The value that both curves converge toward is called the _bias_, and the difference between this value and the test error is called the _variance_.

The previous tests were varying the number of samples.  In the next test, they use a fixed number of samples, but vary the complexity of the model:

In [None]:
%reset -f
%matplotlib inline
import numpy as np
import matplotlib.pyplot as plt
from sklearn import metrics
from sklearn import tree

MAXC=20
N=1000
NTEST=4000
ITERS=3

yhat_test=np.zeros((ITERS,MAXC,2))
yhat_train=np.zeros((ITERS,MAXC,2))
#Repeat ten times to get smooth curves
for i in range(ITERS):
    X = np.concatenate([1.25*np.random.randn(N,2),5+1.5*np.random.randn(N,2)]) 
    X = np.concatenate([X,[8,5]+1.5*np.random.randn(N,2)])
    y = np.concatenate([np.ones((N,1)),-np.ones((N,1))])
    y = np.concatenate([y,np.ones((N,1))])
    perm = np.random.permutation(y.size)
    X = X[perm,:]
    y = y[perm]

    X_test = np.concatenate([1.25*np.random.randn(NTEST,2),5+1.5*np.random.randn(NTEST,2)]) 
    X_test = np.concatenate([X_test,[8,5]+1.5*np.random.randn(NTEST,2)])
    y_test = np.concatenate([np.ones((NTEST,1)),-np.ones((NTEST,1))])
    y_test = np.concatenate([y_test,np.ones((NTEST,1))])

    j=0
    for C in range(1,MAXC+1):
        #Evaluate the model
        clf = tree.DecisionTreeClassifier(min_samples_leaf=1, max_depth=C)
        clf.fit(X,y.ravel())
        yhat_test[i,j,0] = 1. - metrics.accuracy_score(clf.predict(X_test), y_test.ravel())
        yhat_train[i,j,0] = 1. - metrics.accuracy_score(clf.predict(X), y.ravel())
        j=j+1

p1, = plt.plot(np.mean(yhat_test[:,:,0].T,axis=1),'r')
p2, = plt.plot(np.mean(yhat_train[:,:,0].T,axis=1),'b')
fig = plt.gcf()
fig.set_size_inches(12,5)
plt.xlabel('Complexity')
plt.ylabel('Error rate')
plt.legend([p1, p2], ["Testing error", "Training error"])
plt.show()

As we can see, as the complexity increases, the training error is reduced.  But above a certain level of complexity, the test error increases.  This effect is called _overfitting_.  Here are some techniques to overcome overfitting:

* Run an analysis like we did here, then choose the parameter value (in this case depth of the trees) that minimizes the error.  This is a form of model selection.

* Modify the model to penalize high-complexity.

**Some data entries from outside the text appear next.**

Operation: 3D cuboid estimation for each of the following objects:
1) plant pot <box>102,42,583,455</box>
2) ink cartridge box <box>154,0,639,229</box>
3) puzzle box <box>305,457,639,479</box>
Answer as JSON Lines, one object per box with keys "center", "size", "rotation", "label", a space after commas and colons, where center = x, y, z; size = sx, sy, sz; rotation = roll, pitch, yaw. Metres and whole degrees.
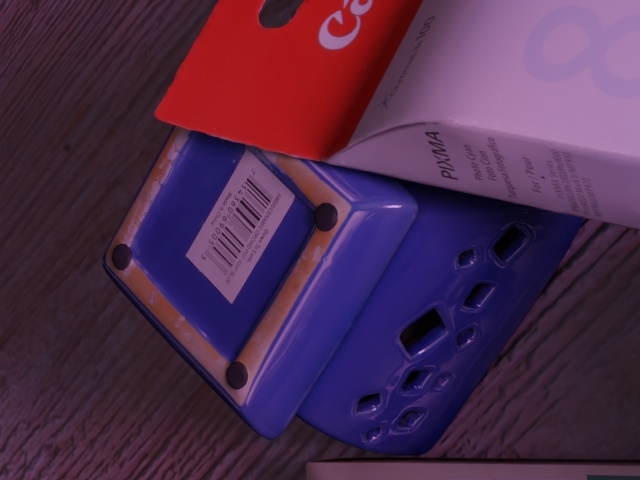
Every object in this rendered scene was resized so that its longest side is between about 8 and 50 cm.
{"center": [0.000, 0.000, 1.392], "size": [0.236, 0.212, 0.236], "rotation": [45, 115, 32], "label": "plant pot"}
{"center": [0.106, -0.182, 1.257], "size": [0.385, 0.091, 0.308], "rotation": [14, 62, 26], "label": "ink cartridge box"}
{"center": [0.167, 0.285, 1.342], "size": [0.409, 0.052, 0.272], "rotation": [-4, 87, 38], "label": "puzzle box"}

The book was a little confusing on this point!

* Use 'ensemble' techniques, such as the Random Forest, where we don't rely on a single classifier (Decision Tree in this case) to match all aspects of the data.

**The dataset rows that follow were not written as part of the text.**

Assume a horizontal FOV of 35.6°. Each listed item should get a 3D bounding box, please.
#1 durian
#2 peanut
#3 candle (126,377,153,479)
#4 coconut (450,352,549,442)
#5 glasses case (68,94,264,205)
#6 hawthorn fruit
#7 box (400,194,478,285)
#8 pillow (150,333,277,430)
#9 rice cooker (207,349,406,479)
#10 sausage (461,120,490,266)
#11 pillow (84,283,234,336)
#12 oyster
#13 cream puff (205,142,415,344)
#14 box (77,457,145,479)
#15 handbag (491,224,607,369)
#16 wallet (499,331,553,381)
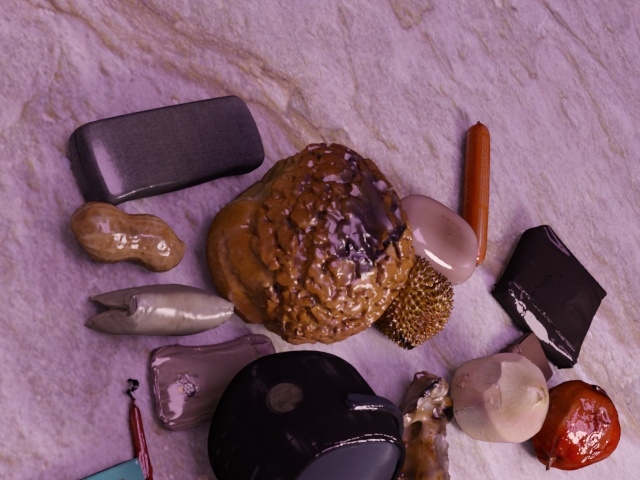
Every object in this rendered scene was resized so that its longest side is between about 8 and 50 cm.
[{"bbox_3d":[0.166,0.109,1.750,0.158,0.137,0.168,16,94,-42],"label":"durian"},{"bbox_3d":[-0.279,0.000,1.456,0.193,0.089,0.089,18,63,-36],"label":"peanut"},{"bbox_3d":[-0.257,0.277,1.410,0.026,0.021,0.167,-1,75,-41],"label":"candle"},{"bbox_3d":[0.326,0.280,1.786,0.171,0.183,0.171,9,72,-32],"label":"coconut"},{"bbox_3d":[-0.232,-0.143,1.557,0.323,0.074,0.131,-19,85,-43],"label":"glasses case"},{"bbox_3d":[0.487,0.354,1.913,0.179,0.173,0.173,-2,75,-41],"label":"hawthorn fruit"},{"bbox_3d":[0.210,0.000,1.863,0.200,0.088,0.146,31,54,-26],"label":"box"},{"bbox_3d":[-0.152,0.211,1.512,0.233,0.038,0.130,-2,74,-38],"label":"pillow"},{"bbox_3d":[-0.022,0.292,1.435,0.267,0.267,0.224,5,28,-39],"label":"rice cooker"},{"bbox_3d":[0.313,-0.093,2.009,0.053,0.053,0.348,24,59,-31],"label":"sausage"},{"bbox_3d":[-0.231,0.099,1.432,0.181,0.134,0.078,4,83,-39],"label":"pillow"},{"bbox_3d":[0.138,0.336,1.645,0.198,0.133,0.337,46,48,-14],"label":"oyster"},{"bbox_3d":[0.000,0.000,1.594,0.343,0.231,0.327,5,74,-39],"label":"cream puff"},{"bbox_3d":[-0.316,0.398,1.300,0.229,0.041,0.162,-15,83,-43],"label":"box"},{"bbox_3d":[0.478,0.112,2.050,0.247,0.080,0.223,46,50,-16],"label":"handbag"},{"bbox_3d":[0.389,0.255,1.945,0.153,0.039,0.118,-31,105,-38],"label":"wallet"}]

## Training, Validation, and Test

So far, we have been dividing our sample data into two sets, training and test.  With these two subsets, we can perform cross-validation to pick the best model to use for the data, or we can use cross-validation to tune a model (for example, selecting the best complexity for a Decision Tree).  But we can't do both, because these two optimizations would be correlated.

We could, instead, divide our sample data into three sets, _training_, _validation_, and _test_.

* The training data is used to select model from our list of possible models.

* The validation data is used to select the parameters of the model for the best performance.  This is a form of learning!

* The test data is used exclusively for assessing the performance at the end of the process and is never used in the learning process.